Fraying at the Edges

Editor’s Note: This article is the first in a three part series on the decline of the humanities in academia and Stanford in particular.

Science has come to the humanities, so to speak.  Several news reports in recent weeks have discussed the development of the Literature Lab at Stanford, a group of scholars devoted to using computational approaches to studying texts, the traditional realm of the humanities.  Using these new techniques and the growing size of Google Books, scholars like Matthew Jockers hope to build and possibly disrupt the current narratives in literature history.

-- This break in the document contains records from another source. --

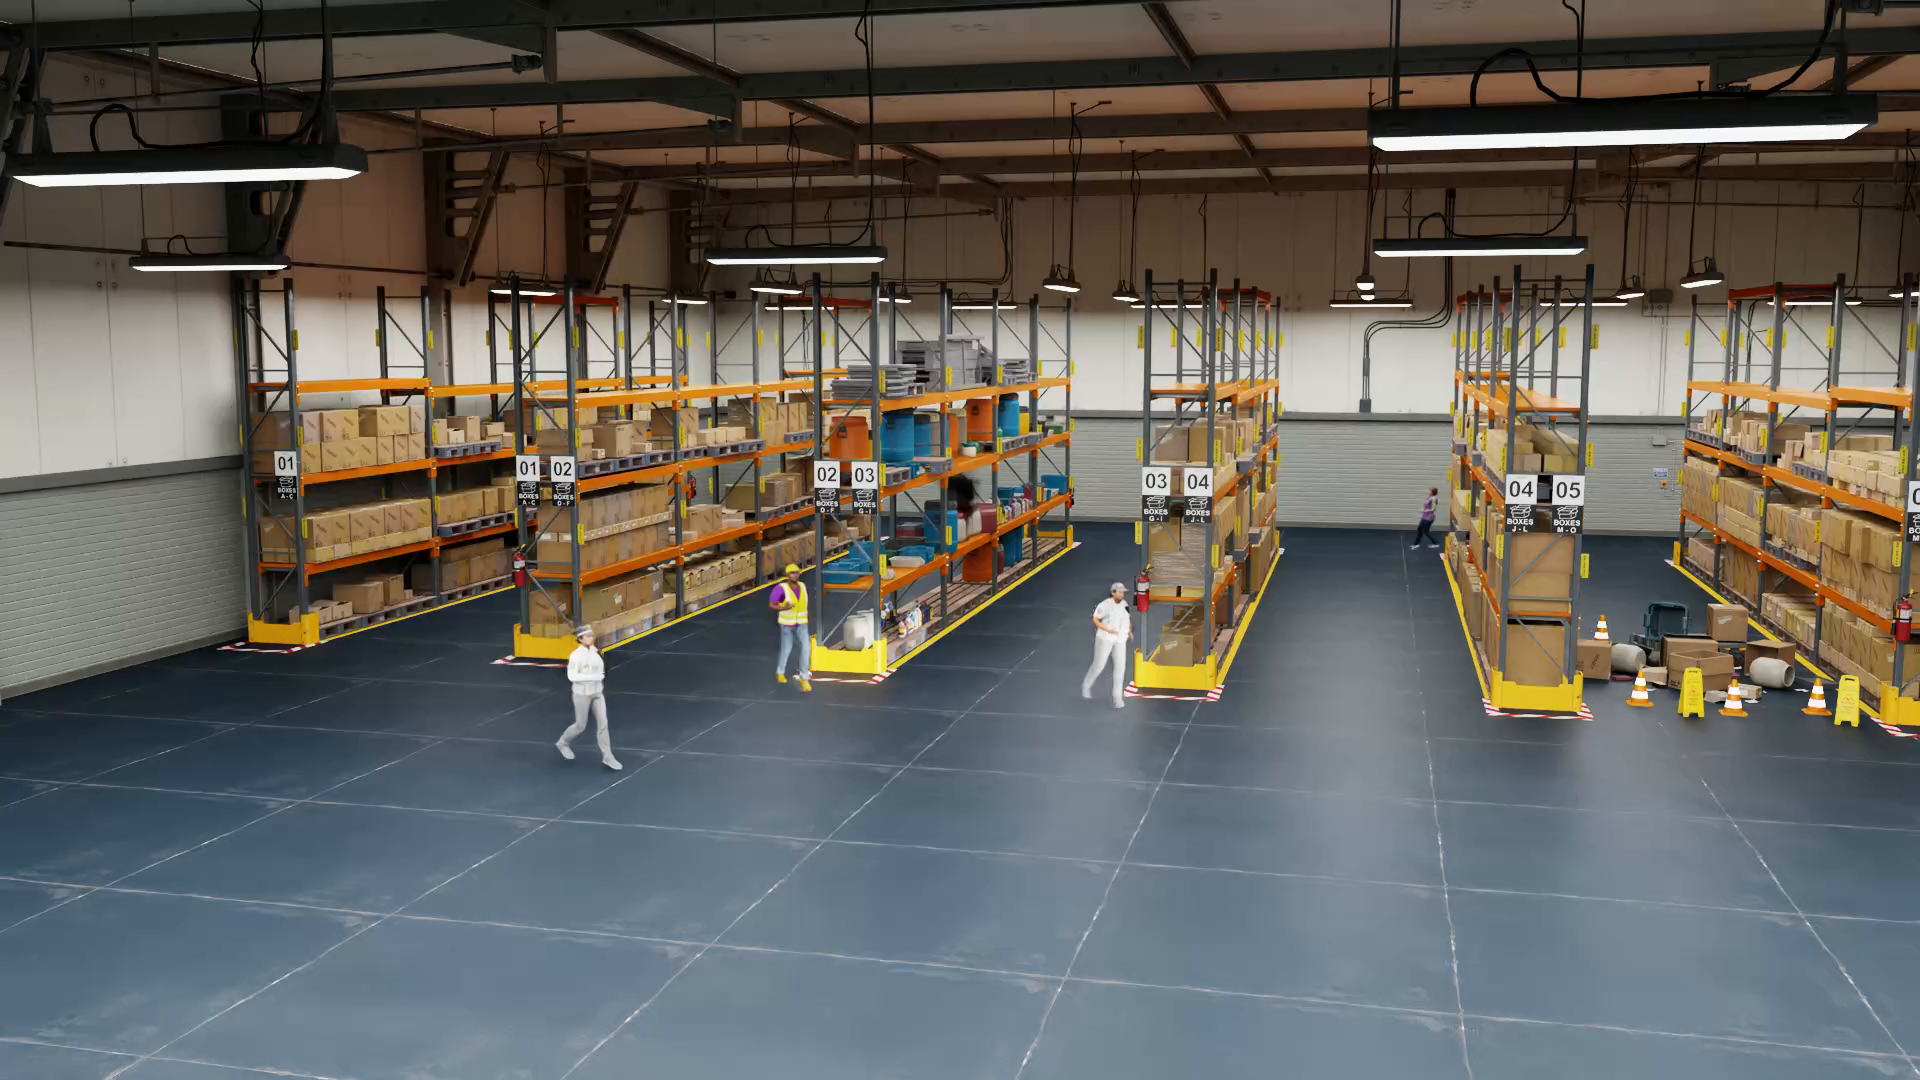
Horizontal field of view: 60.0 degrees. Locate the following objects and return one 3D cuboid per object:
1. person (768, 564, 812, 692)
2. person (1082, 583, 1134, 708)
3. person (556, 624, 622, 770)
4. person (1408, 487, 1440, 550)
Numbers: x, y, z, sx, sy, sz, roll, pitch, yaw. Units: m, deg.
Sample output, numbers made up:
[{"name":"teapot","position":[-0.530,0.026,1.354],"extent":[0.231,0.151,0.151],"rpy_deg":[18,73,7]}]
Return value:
[{"name":"person","position":[-2.423,1.248,23.959],"extent":[0.687,1.818,0.768],"rpy_deg":[-4,8,-27]},{"name":"person","position":[2.124,1.417,22.991],"extent":[0.661,1.664,0.871],"rpy_deg":[-3,7,-23]},{"name":"person","position":[-4.361,1.817,19.467],"extent":[0.920,1.693,0.612],"rpy_deg":[4,8,31]},{"name":"person","position":[11.090,-0.505,39.577],"extent":[0.704,1.560,0.659],"rpy_deg":[1,7,8]}]

Will such research be the future of the humanities?  Will a scientific and quantitative approach increase the attention of funding agencies in Washington to the needs of the humanities?  Or will this direction destroy the very core of what the humanities are about?

Such are the debates that surround the increasingly marginalized humanities disciplines.  Once at the core of the university, the humanities are fraying on nearly every measure, losing students, budgets, faculty slots and more fundamentally, power and influence.  How did we reach this point, and what will the future of the humanities be?  This three part series hopes to illuminate the discussion by providing a history of higher education, a look at undergraduates and their approaches to education, and investigating the future finances of the humanities.

The Early Era (1636-1862)

Given the lack of access to primary and secondary schools for most Americans, universities in America were refuges of the elite for much of their early history, and the curriculums of these universities were designed with this demographic in mind.  Private schools were the near-exclusive institutions available in these early years, and most of these were connected with religious denominations (a pattern that had extended from the cathedrals of the Middle Ages).

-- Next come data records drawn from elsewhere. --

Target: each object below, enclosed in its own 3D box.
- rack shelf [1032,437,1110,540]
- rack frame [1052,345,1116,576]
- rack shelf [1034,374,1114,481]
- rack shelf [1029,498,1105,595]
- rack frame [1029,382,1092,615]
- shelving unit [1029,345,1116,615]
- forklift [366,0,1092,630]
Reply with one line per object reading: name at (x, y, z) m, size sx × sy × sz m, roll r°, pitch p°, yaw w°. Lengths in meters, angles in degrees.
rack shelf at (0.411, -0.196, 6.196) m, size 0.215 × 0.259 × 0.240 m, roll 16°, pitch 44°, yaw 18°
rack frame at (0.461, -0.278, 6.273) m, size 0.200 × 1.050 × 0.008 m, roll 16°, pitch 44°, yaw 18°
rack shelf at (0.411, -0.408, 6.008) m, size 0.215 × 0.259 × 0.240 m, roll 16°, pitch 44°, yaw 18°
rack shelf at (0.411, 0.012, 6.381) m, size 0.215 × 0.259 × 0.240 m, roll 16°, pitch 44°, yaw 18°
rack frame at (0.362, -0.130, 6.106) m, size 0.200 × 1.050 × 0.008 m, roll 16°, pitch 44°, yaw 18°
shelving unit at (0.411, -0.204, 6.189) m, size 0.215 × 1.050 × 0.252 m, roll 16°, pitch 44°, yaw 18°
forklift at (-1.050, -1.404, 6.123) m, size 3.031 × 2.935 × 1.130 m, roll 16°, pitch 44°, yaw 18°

These universities defined a broad curriculum in the classic liberal arts, and their requirements were strict compared to our current system.  There were few choices in classes, no concept of majors, and next to no courses in the “professions.”  Given the social networks at the time, universities formed the perspectives of students en route to the country’s elite, providing a common culture based on the bedrock of Western civilization.

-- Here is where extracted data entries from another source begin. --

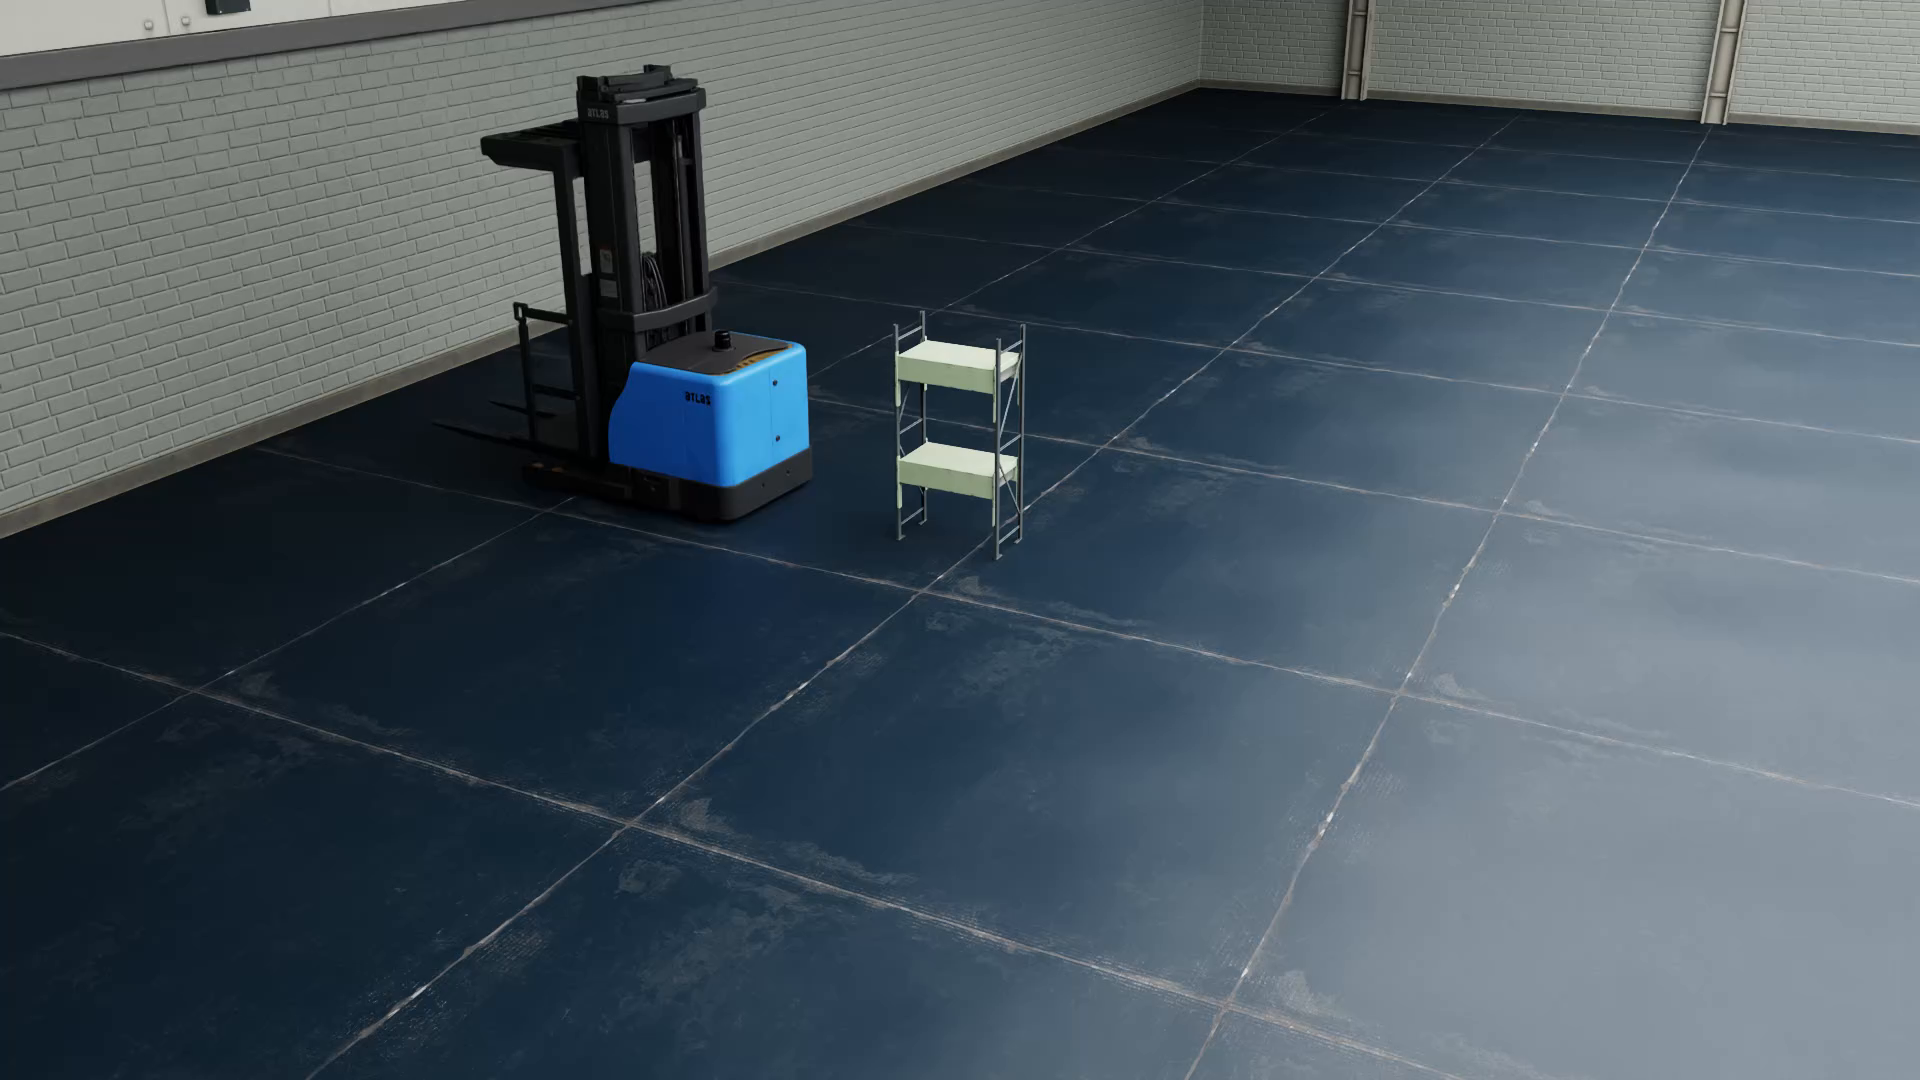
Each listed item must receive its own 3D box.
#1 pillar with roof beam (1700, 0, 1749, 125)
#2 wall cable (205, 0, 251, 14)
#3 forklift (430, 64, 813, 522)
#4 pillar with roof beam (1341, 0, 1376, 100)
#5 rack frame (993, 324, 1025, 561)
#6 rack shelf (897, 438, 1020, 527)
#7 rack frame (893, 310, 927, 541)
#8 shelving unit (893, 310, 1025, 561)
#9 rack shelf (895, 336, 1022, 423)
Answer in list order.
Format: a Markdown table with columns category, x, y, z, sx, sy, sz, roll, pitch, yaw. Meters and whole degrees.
| category | x | y | z | sx | sy | sz | roll | pitch | yaw |
| --- | --- | --- | --- | --- | --- | --- | --- | --- | --- |
| pillar with roof beam | 10.505 | -9.530 | 22.161 | 0.400 | 9.000 | 9.100 | 11 | 25 | 25 |
| wall cable | -4.855 | -6.951 | 11.752 | 0.169 | 6.003 | 2.305 | 11 | 25 | 25 |
| forklift | -2.612 | -1.876 | 11.915 | 3.031 | 2.935 | 1.130 | 13 | 26 | 27 |
| pillar with roof beam | 5.150 | -10.590 | 24.652 | 0.400 | 9.000 | 9.100 | 11 | 25 | 25 |
| rack frame | 0.321 | -0.627 | 10.807 | 0.023 | 1.500 | 0.400 | 11 | 25 | 25 |
| rack shelf | -0.006 | -0.391 | 11.087 | 0.720 | 0.370 | 0.431 | 11 | 25 | 25 |
| rack frame | -0.333 | -0.756 | 11.111 | 0.023 | 1.500 | 0.400 | 11 | 25 | 25 |
| shelving unit | -0.006 | -0.691 | 10.959 | 0.755 | 1.500 | 0.431 | 11 | 25 | 25 |
| rack shelf | -0.006 | -1.050 | 10.807 | 0.720 | 0.370 | 0.431 | 11 | 25 | 25 |

The humanities were a core and arguably exclusive part of this education.  The development of the social sciences was just beginning (Adam Smith’s *The Wealth of Nations *was published in 1776, and its concepts were still considered part of philosophy), and the sciences were not clearly developed.

This early era was a period of little change in higher education.  America though, was hardly standing still.  The growing industrial character of the economy starting in the nineteenth century and the expansion of the Western frontier created more demand for talented workers – a need unfulfilled by colleges.  Yet within just a short period, American academia would be dramatically upended, transforming the nature of higher education and the future development of the system.

The Practical Transformation (1862-1945)

The first major event that shook the higher education system was the passage of the Morrill Act in 1862 in the heart of the Civil War.  The act transferred federal land to states to be used for the creation of new universities that would target practical fields (many of these still bear the moniker “A&M” referring to Agricultural and Mechanical).  For the first time, the idea of practical training and specialization were placed at the heart of the university, supplanting the whole person approach of the humanities.

University curriculums also adapted to the changing needs of society and started the first changes to their curriculums.  Schools developed the concept of the “major” that would offer specialization in a specific field of study, while also creating the notion of general education requirements to provide breadth of study.

The end of the century also saw the development of the first notion of the research university (Johns Hopkins in 1876 and University of Chicago in 1890, and of course, Stanford).  These universities placed new emphasis on graduate training and original research, transforming the role of professors as teachers to professors as investigators.  The goals of this new vanguard of universities were also different.  Stanford’s founding grant notes the object of the university as being “to qualify its students for personal success, and direct usefulness in life.”

The humanities still played a crucial role in the education of undergraduates, but their hold was clearly loosening.

The Era of Government and Big Science (1945-Present)

The Manhattan Project fundamentally changed the relationship between government and the universities.  Beginning in World War II, universities for the first time accepted funding from the federal government for specific research projects.  Importantly, these projects had indirect overhead, meaning that the government provided cost-plus on research grants – a form of profit for the universities.

Stanford and its provost, Frederick Terman, used such contracting to build up its academic programs, focusing on the most lucrative areas to create “steeples of excellence” that would attract further scholars and resources.  Terman’s plan laid the foundation for Stanford’s rise from a notable regional school to the elite status it holds today.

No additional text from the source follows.